Psychol. Pl. -æ. Also synes-. [mod.L., f. Gr. σύν SYN- + stem αἱσθε- to feel, perceive, after anæsthesia.] a. A sensation in one part of the body produced by a stimulus applied to another part. b. Agreement of the feelings or emotions of different individuals, as a stage in the development of sympathy. c. Production, from a sense-impression of one kind, of an associated mental image of a sense-impression of another kind: see quot. 1903.
1891. Cent. Dict., Synæsthesia, synesthesia, the production of a sensation located in one place when another place is stimulated.

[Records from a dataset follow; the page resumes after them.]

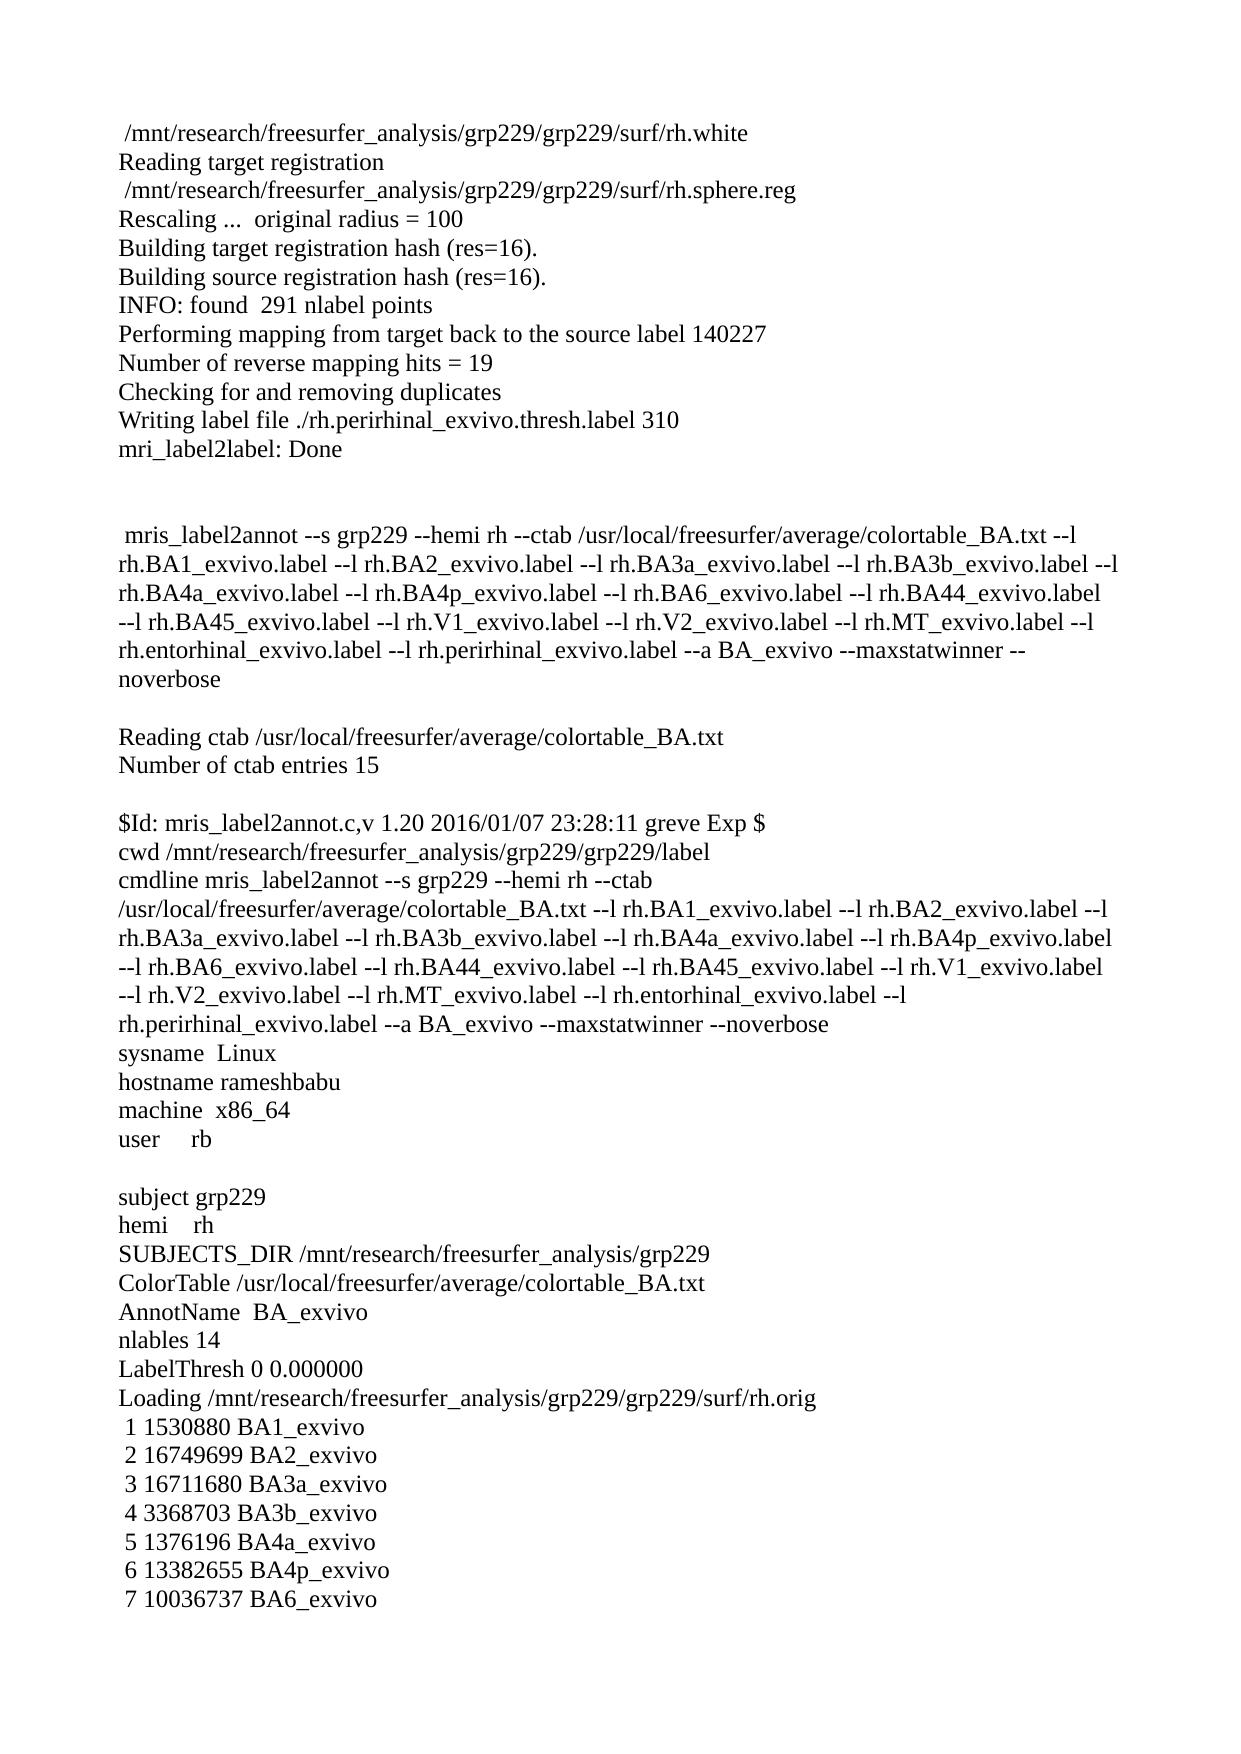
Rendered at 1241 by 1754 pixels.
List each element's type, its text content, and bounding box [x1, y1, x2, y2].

text hostname rameshbabu [118, 1067, 1122, 1096]
text /mnt/research/freesurfer_analysis/grp229/grp229/surf/rh.white [118, 118, 1122, 147]
text 3 16711680 BA3a_exvivo [118, 1469, 1122, 1498]
text Number of reverse mapping hits = 19 [118, 348, 1122, 377]
text Checking for and removing duplicates [118, 377, 1122, 406]
text 4 3368703 BA3b_exvivo [118, 1498, 1122, 1527]
text 5 1376196 BA4a_exvivo [118, 1527, 1122, 1556]
text nlables 14 [118, 1326, 1122, 1354]
text Reading target registration [118, 147, 1122, 176]
text cwd /mnt/research/freesurfer_analysis/grp229/grp229/label [118, 837, 1122, 866]
text subject grp229 [118, 1182, 1122, 1211]
text machine x86_64 [118, 1096, 1122, 1124]
text sysname Linux [118, 1038, 1122, 1067]
text user rb [118, 1124, 1122, 1153]
text Writing label file ./rh.perirhinal_exvivo.thresh.label 310 [118, 406, 1122, 434]
text INFO: found 291 nlabel points [118, 291, 1122, 319]
text mris_label2annot --s grp229 --hemi rh --ctab /usr/local/freesurfer/average/colortable_BA.txt --l rh.BA1_exvivo.label --l rh.BA2_exvivo.label --l rh.BA3a_exvivo.label --l rh.BA3b_exvivo.label --l rh.BA4a_exvivo.label --l rh.BA4p_exvivo.label --l rh.BA6_exvivo.label --l rh.BA44_exvivo.label --l rh.BA45_exvivo.label --l rh.V1_exvivo.label --l rh.V2_exvivo.label --l rh.MT_exvivo.label --l rh.entorhinal_exvivo.label --l rh.perirhinal_exvivo.label --a BA_exvivo --maxstatwinner --noverbose [118, 521, 1122, 693]
text Building source registration hash (res=16). [118, 262, 1122, 291]
text LabelThresh 0 0.000000 [118, 1354, 1122, 1383]
text ColorTable /usr/local/freesurfer/average/colortable_BA.txt [118, 1268, 1122, 1297]
text Rescaling ... original radius = 100 [118, 204, 1122, 233]
text SUBJECTS_DIR /mnt/research/freesurfer_analysis/grp229 [118, 1239, 1122, 1268]
text /mnt/research/freesurfer_analysis/grp229/grp229/surf/rh.sphere.reg [118, 176, 1122, 204]
text Performing mapping from target back to the source label 140227 [118, 319, 1122, 348]
text 2 16749699 BA2_exvivo [118, 1441, 1122, 1469]
text mri_label2label: Done [118, 434, 1122, 463]
text Number of ctab entries 15 [118, 751, 1122, 779]
text Loading /mnt/research/freesurfer_analysis/grp229/grp229/surf/rh.orig [118, 1383, 1122, 1412]
text $Id: mris_label2annot.c,v 1.20 2016/01/07 23:28:11 greve Exp $ [118, 808, 1122, 837]
text cmdline mris_label2annot --s grp229 --hemi rh --ctab /usr/local/freesurfer/average/colortable_BA.txt --l rh.BA1_exvivo.label --l rh.BA2_exvivo.label --l rh.BA3a_exvivo.label --l rh.BA3b_exvivo.label --l rh.BA4a_exvivo.label --l rh.BA4p_exvivo.label --l rh.BA6_exvivo.label --l rh.BA44_exvivo.label --l rh.BA45_exvivo.label --l rh.V1_exvivo.label --l rh.V2_exvivo.label --l rh.MT_exvivo.label --l rh.entorhinal_exvivo.label --l rh.perirhinal_exvivo.label --a BA_exvivo --maxstatwinner --noverbose [118, 866, 1122, 1038]
text 1 1530880 BA1_exvivo [118, 1412, 1122, 1441]
text hemi rh [118, 1211, 1122, 1239]
text AnnotName BA_exvivo [118, 1297, 1122, 1326]
text Reading ctab /usr/local/freesurfer/average/colortable_BA.txt [118, 722, 1122, 751]
text 7 10036737 BA6_exvivo [118, 1584, 1122, 1613]
text Building target registration hash (res=16). [118, 233, 1122, 262]
text 6 13382655 BA4p_exvivo [118, 1556, 1122, 1584]
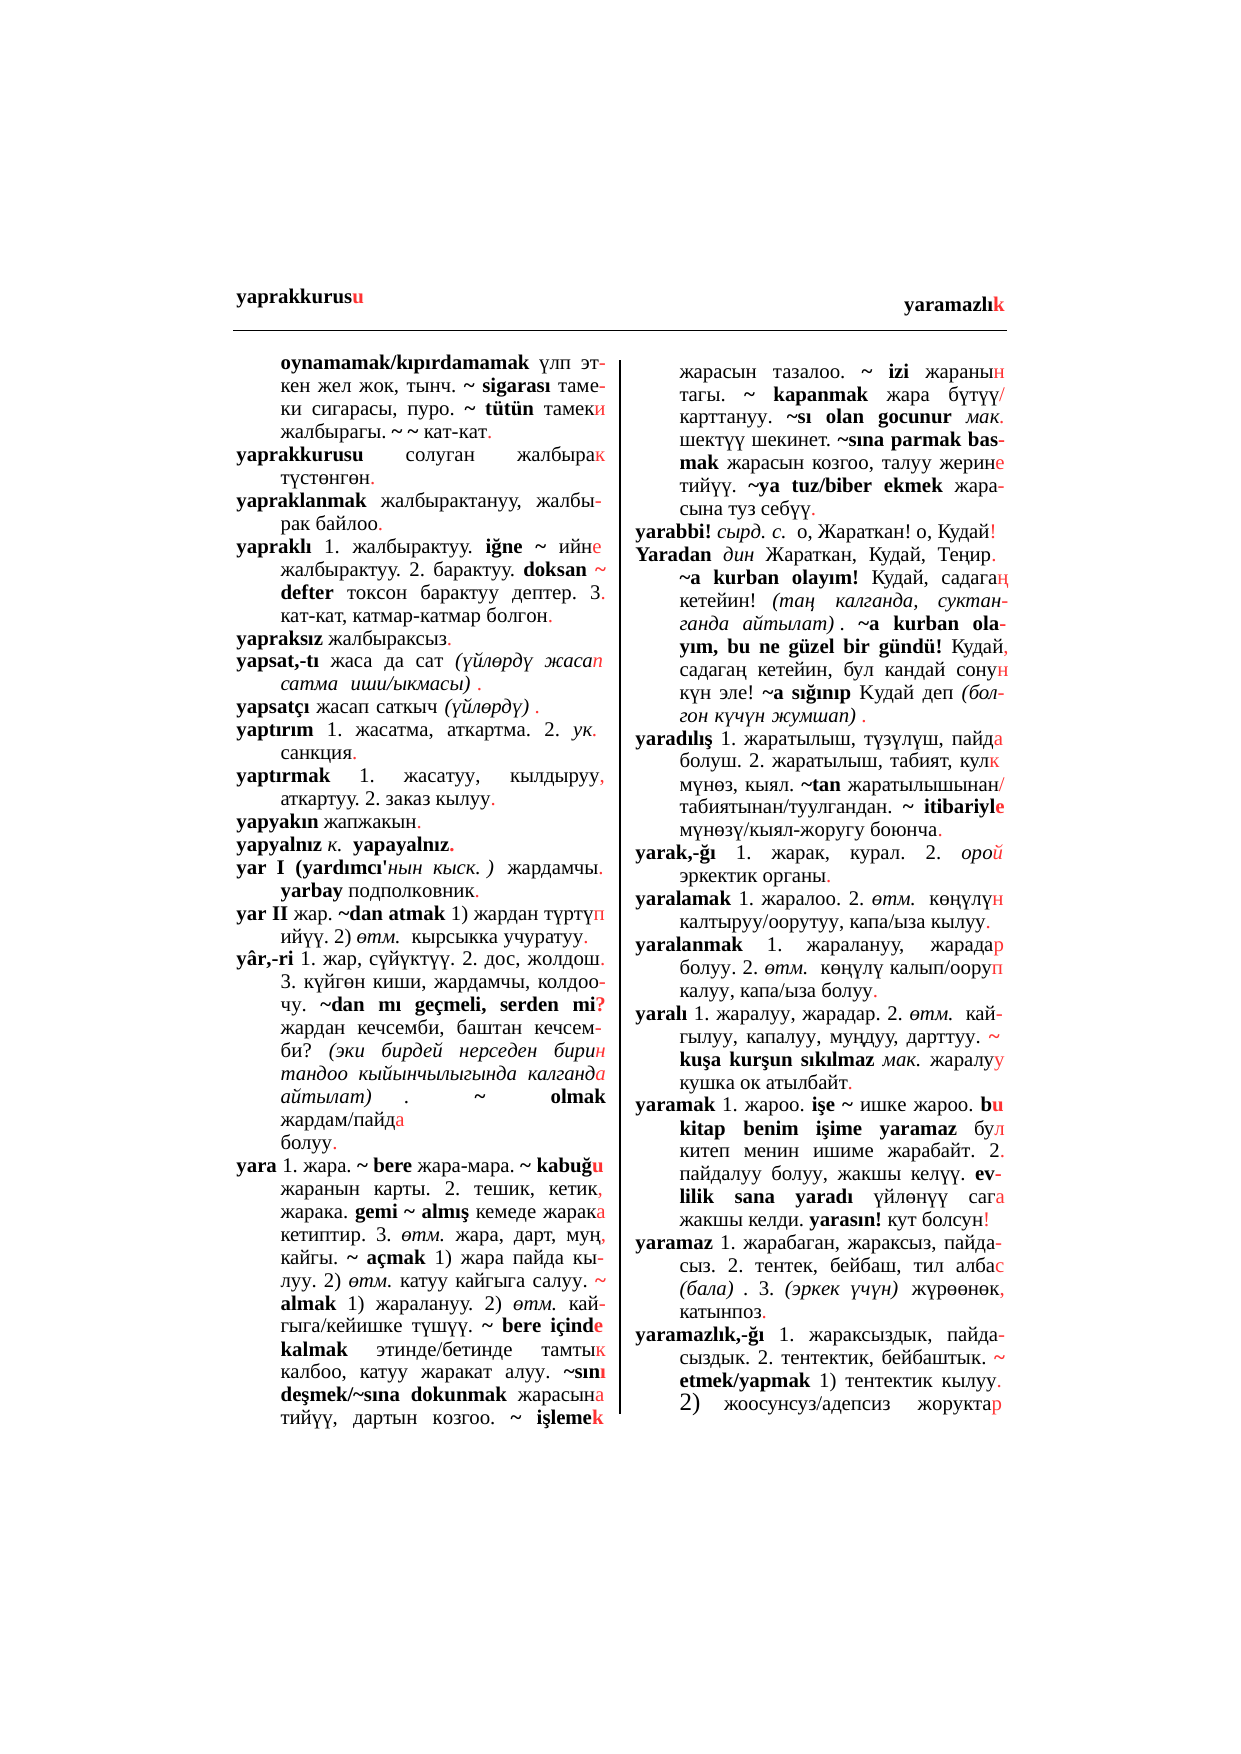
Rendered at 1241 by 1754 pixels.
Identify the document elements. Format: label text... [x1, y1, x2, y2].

text kuşa kurşun sıkılmaz мак. жаралуу кушка ок атылбайт. [679, 1048, 1004, 1094]
text yaprakkurusu [236, 284, 364, 308]
text жалбырактуу. 2. барактуу. doksan ~ defter токсон барактуу дептер. 3. кат-кат, катмар-катмар болгон. [280, 558, 606, 627]
text мүнөз, кыял. ~tan жаратылышынан/ табиятынан/туулгандан. ~ itibariyle мүнөзү/кыял-жоругу боюнча. [679, 773, 1004, 841]
text yaramazlık [904, 292, 1065, 316]
text калуу, капа/ыза болуу. [679, 979, 881, 1002]
text yarabbi! сырд. с. о, Жараткан! о, Кудай! [635, 520, 1065, 543]
text калтыруу/оорутуу, капа/ыза кылуу. [679, 910, 994, 933]
text yaralamak 1. жаралоо. 2. өтм. көңүлүн [635, 887, 1065, 910]
text yaralanmak 1. жаралануу, жарадар болуу. 2. өтм. көңүлү калып/ооруп [635, 933, 1004, 979]
text гон күчүн жумшап) . [679, 704, 867, 727]
text oynamamak/kıpırdamamak үлп эт- кен жел жок, тынч. ~ sigarası таме- ки сигарасы, пуро. ~ tütün тамеки жалбырагы. ~ ~ кат-кат. [280, 350, 606, 443]
text жаранын карты. 2. тешик, кетик, [280, 1177, 606, 1200]
text yaprakkurusu солуган жалбырак түстөнгөн. [236, 443, 606, 489]
text ~a kurban olayım! Кудай, садагаң кетейин! (таң калганда, суктан- ганда айтылат) . ~a kurban ola- [679, 566, 1008, 635]
text yapyakın жапжакын. [236, 810, 606, 833]
text yaralı 1. жаралуу, жарадар. 2. өтм. кай- гылуу, капалуу, муңдуу, дарттуу. ~ [635, 1002, 1005, 1048]
text эркектик органы. [679, 864, 833, 887]
text болуу. [280, 1131, 338, 1154]
text yar I (yardımcı'нын кыск. ) жардамчы. [236, 856, 606, 879]
text yapraklı 1. жалбырактуу. iğne ~ ийне [236, 535, 606, 558]
text kalmak этинде/бетинде тамтык калбоо, катуу жаракат алуу. ~sını deşmek/~sına dokunmak жарасына [280, 1338, 606, 1406]
text yar II жар. ~dan atmak 1) жардан түртүп ийүү. 2) өтм. кырсыкка учуратуу. [236, 902, 606, 948]
text жарасын тазалоо. ~ izi жаранын тагы. ~ kapanmak жара бүтүү/ карттануу. ~sı olan gocunur мак. шектүү шекинет. ~sına parmak bas- mak жарасын козгоо, талуу жерине тийүү. ~ya tuz/biber ekmek жара- сына туз себүү. [679, 359, 1005, 520]
text yım, bu ne güzel bir gündü! Кудай, садагаң кетейин, бул кандай сонун күн эле! ~a sığınıp Kудай деп (бол- [679, 635, 1008, 704]
text санкция. [280, 741, 358, 764]
text yaradılış 1. жаратылыш, түзүлүш, пайда болуш. 2. жаратылыш, табият, кулк [635, 727, 1062, 772]
text yapyalnız к. yapayalnız. [236, 833, 606, 856]
text жарака. gemi ~ almış кемеде жарака кетиптир. 3. өтм. жара, дарт, муң, кайгы. ~ açmak 1) жара пайда кы- [280, 1200, 606, 1269]
text kitap benim işime yaramaz бул китеп менин ишиме жарабайт. 2. пайдалуу болуу, жакшы келүү. ev- [679, 1117, 1005, 1185]
text тийүү, дартын козгоо. ~ işlemek [280, 1406, 606, 1429]
text yaptırım 1. жасатма, аткартма. 2. ук. [236, 718, 606, 741]
text yapsatçı жасап саткыч (үйлөрдү) . [236, 695, 606, 718]
text yaramak 1. жароо. işe ~ ишке жароо. bu [635, 1094, 1065, 1116]
text yaptırmak 1. жасатуу, кылдыруу, аткартуу. 2. заказ кылуу. [236, 764, 606, 810]
list жоосунсуз/адепсиз жоруктар [679, 1392, 1004, 1415]
text yaramaz 1. жарабаган, жараксыз, пайда- [635, 1231, 1061, 1254]
text 3. күйгөн киши, жардамчы, колдоо- чу. ~dan mı geçmeli, serden mi? жардан кечсемби, баштан кечсем- [280, 971, 606, 1039]
text yapraksız жалбыраксыз. [236, 627, 606, 649]
text lilik sana yaradı үйлөнүү сага жакшы келди. yarasın! кут болсун! [679, 1185, 1004, 1231]
text yapraklanmak жалбырактануу, жалбы- рак байлоо. [236, 489, 606, 535]
text yâr,-ri 1. жар, сүйүктүү. 2. дос, жолдош. [236, 948, 606, 970]
text yapsat,-tı жаса да сат (үйлөрдү жасап сатма иши/ыкмасы) . [236, 649, 606, 695]
text сыз. 2. тентек, бейбаш, тил албас (бала) . 3. (эркек үчүн) жүрөөнөк, катынпоз. [679, 1254, 1004, 1323]
text yaramazlık,-ğı 1. жараксыздык, пайда- сыздык. 2. тентектик, бейбаштык. ~ etmek/yapmak 1) тентектик кылуу. [635, 1323, 1005, 1392]
text Yaradan дин Жараткан, Кудай, Теңир. [635, 543, 1065, 566]
text луу. 2) өтм. катуу кайгыга салуу. ~ almak 1) жаралануу. 2) өтм. кай- гыга/кейишке түшүү. ~ bere içinde [280, 1269, 606, 1337]
text yarak,-ğı 1. жарак, курал. 2. орой [635, 841, 1065, 864]
text yara 1. жара. ~ bere жара-мара. ~ kabuğu [236, 1154, 606, 1177]
text би? (эки бирдей нерседен бирин тандоо кыйынчылыгында калганда айтылат) . ~ olmak жардам/пайда [280, 1039, 606, 1131]
text yarbay подполковник. [280, 879, 481, 902]
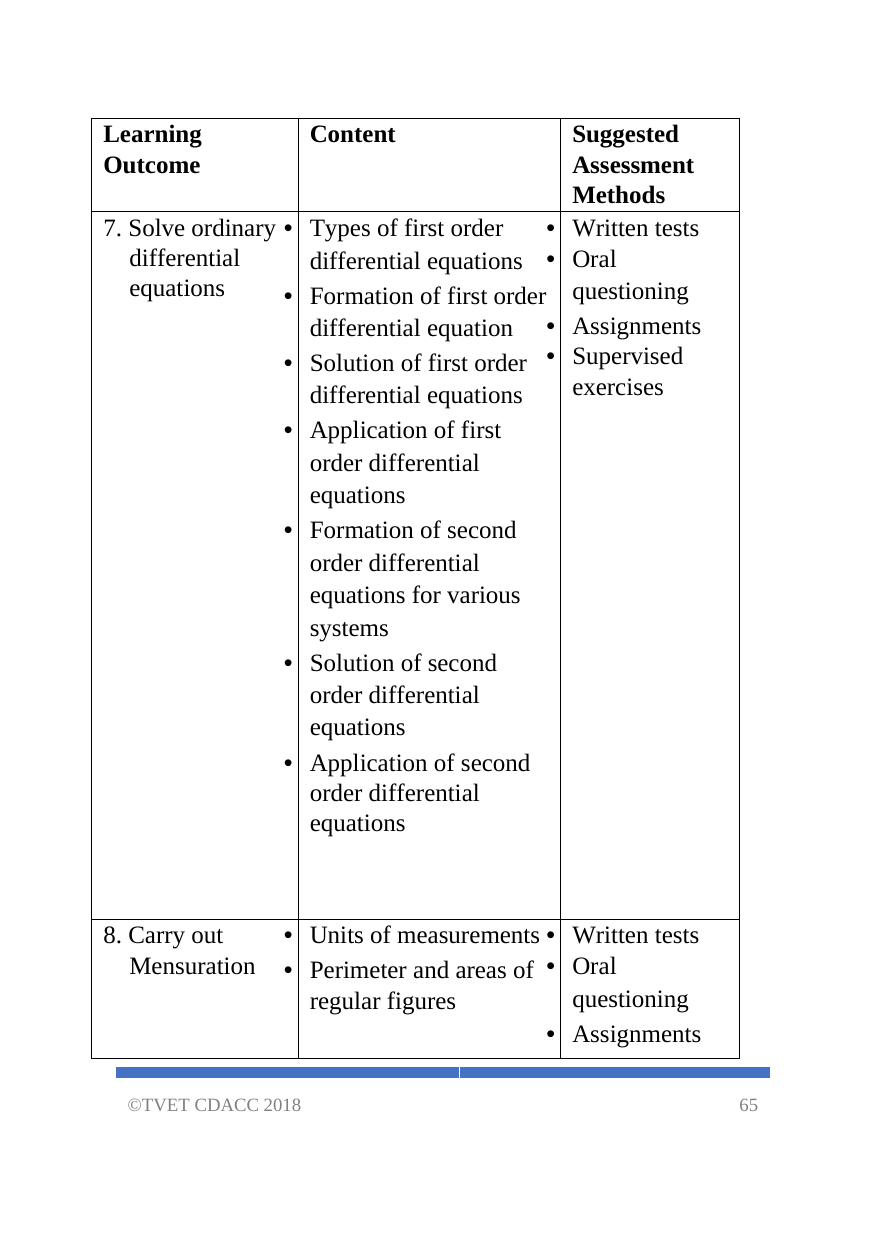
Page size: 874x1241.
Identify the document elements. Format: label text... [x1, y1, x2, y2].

table_cell 7. Solve ordinary differential equations [92, 212, 298, 918]
table_header Suggested Assessment Methods [561, 119, 739, 211]
table_cell Written tests Oral questioning Assignments [561, 920, 739, 1057]
table_cell Types of first order differential equations Formation of first order differential equation Solution of first order differential equations Application of first order differential equations Formation of second order differential equations for various systems Solution of second order differential equations Application of second order differential equations [299, 212, 560, 918]
table_cell Written tests Oral questioning Assignments Supervised exercises [561, 212, 739, 918]
table_header Learning Outcome [92, 119, 298, 211]
table_cell 8. Carry out Mensuration [92, 920, 298, 1057]
table_header Content [299, 119, 560, 211]
table_cell Units of measurements Perimeter and areas of regular figures [299, 920, 560, 1057]

1897. trans. Ribots Psychol. Emotions, II. iv. 231. If we try to follow the evolution of sympathy we distinguish three principal phases. The first, or physiological, consists in an agreement of motor tendencies, a synergia; the second, or psychological, consists in an agreement of the emotional states, a synæsthesia; the third, or intellectual, results from a community of representations or ideas.
1903. F. W. H. Myers, Human Personality, I. p. xl. Vestiges of the primitive undifferentiated sensitivity persist in the form of synæsthesiæ, e. g. when the hearing of an external sound carries with it, by some arbitrary association of ideas, the seeing of some form or colour.
So ǁ Synæsthesis [mod.L., a. Gr. συναίσθησις joint perception]: see quot.
1881. Mivart, Cat, 386, note. The sum-total of the mental action of a rational animal may be called its noesis, which will be the analogue of the synesthesis or sum-total of the felt neural psychoses of an irrational animal.